Bourgelat was noted for being an early practitioner of scientifically informed veterinary medicine, which incorporated ideas from natural history, chemistry, clinical medicine, and comparative anatomy.

Bourgelat was a member of the French Academy of Sciences and the Prussian Academy of Sciences. He also contributed more than 235 articles to Diderot and d'Alambert's Encyclopédie, ou dictionnaire raisonné des sciences, des arts et des métiers.

== Selected works ==
- Élémens d'hippiatrique, ou, Nouveaux principes sur la connoissance et sur la médecine des chevaux (1750)

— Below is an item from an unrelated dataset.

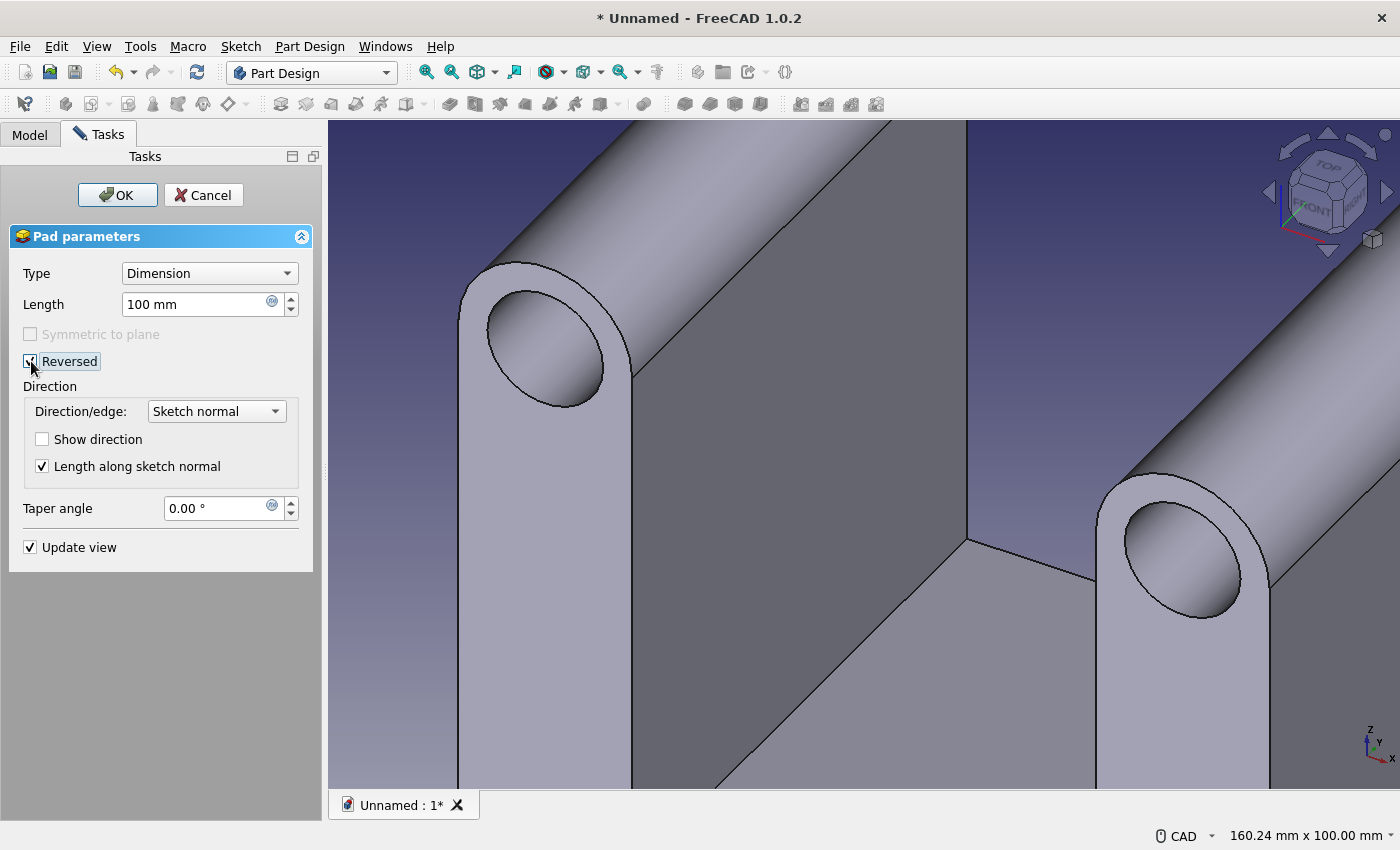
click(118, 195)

- L'art vétérinaire (1761)
- Matiere médicale raisonnée; ou, Précis des médicamens considérés dans leurs effets, a l'usage des éleves de l'Ecole royale vétérinaire; avec les formules médicinales. Lyon, Jean-Marie Bruyset (1765)

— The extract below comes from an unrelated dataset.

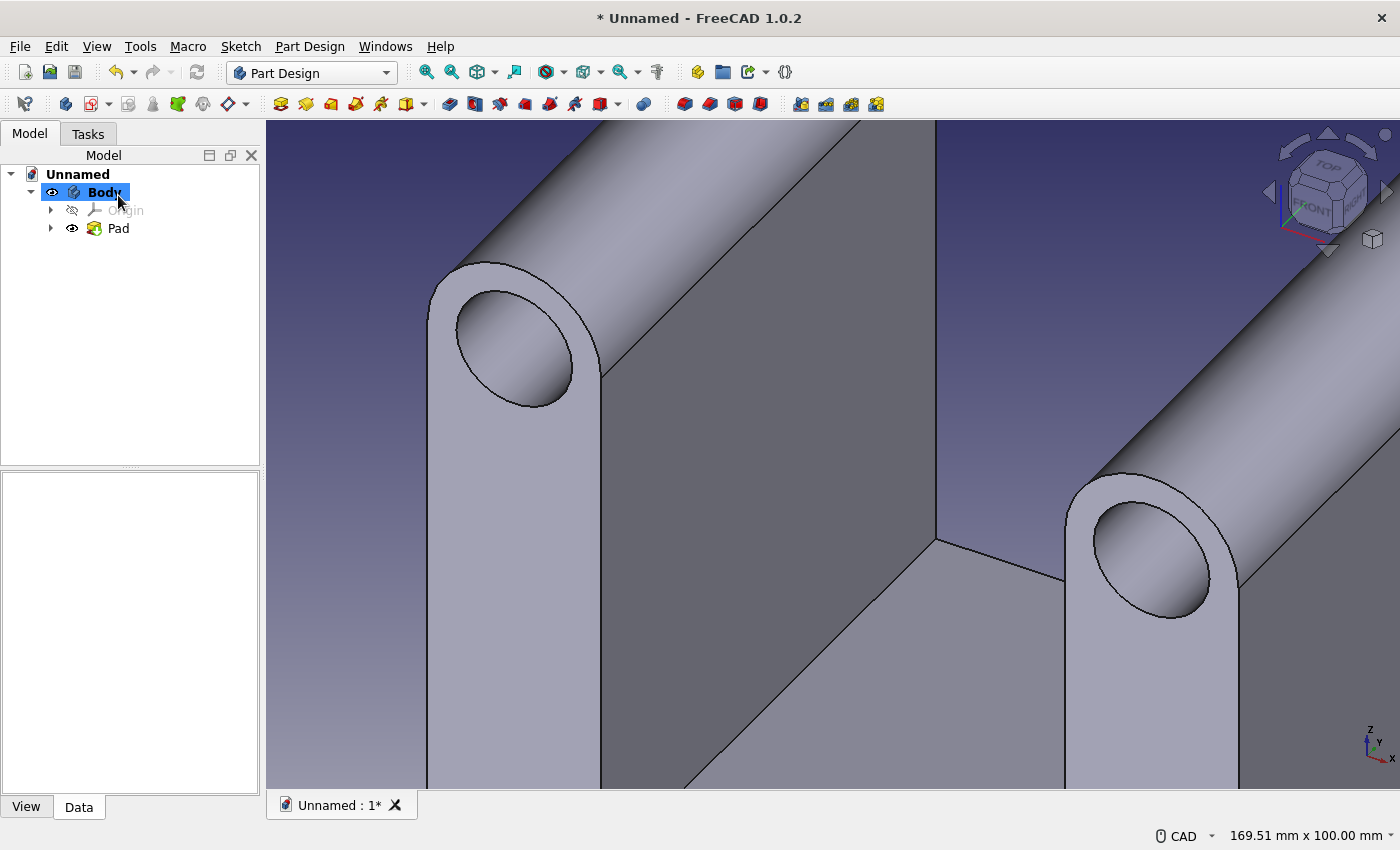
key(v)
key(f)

- Lehrbegriff der medicinischen Materie; oder, Beschreibung der einfachen Arzeneyen nach ihren Wirkungen; nebst den Medicinischen Formeln. Zum Gebrauche der Lehrlinge in der königl. Vieharzeneyschule zu Lyon. Aus dem Französischen übersetzt. Leipzig, M. G. Wiedmanns Erben und Reich (1766)
- Matiere médicale raisonnée, ou, Précis des médicamens considérés dans leurs effets. Lyon, Chez Jean-Marie Bruyset (1771)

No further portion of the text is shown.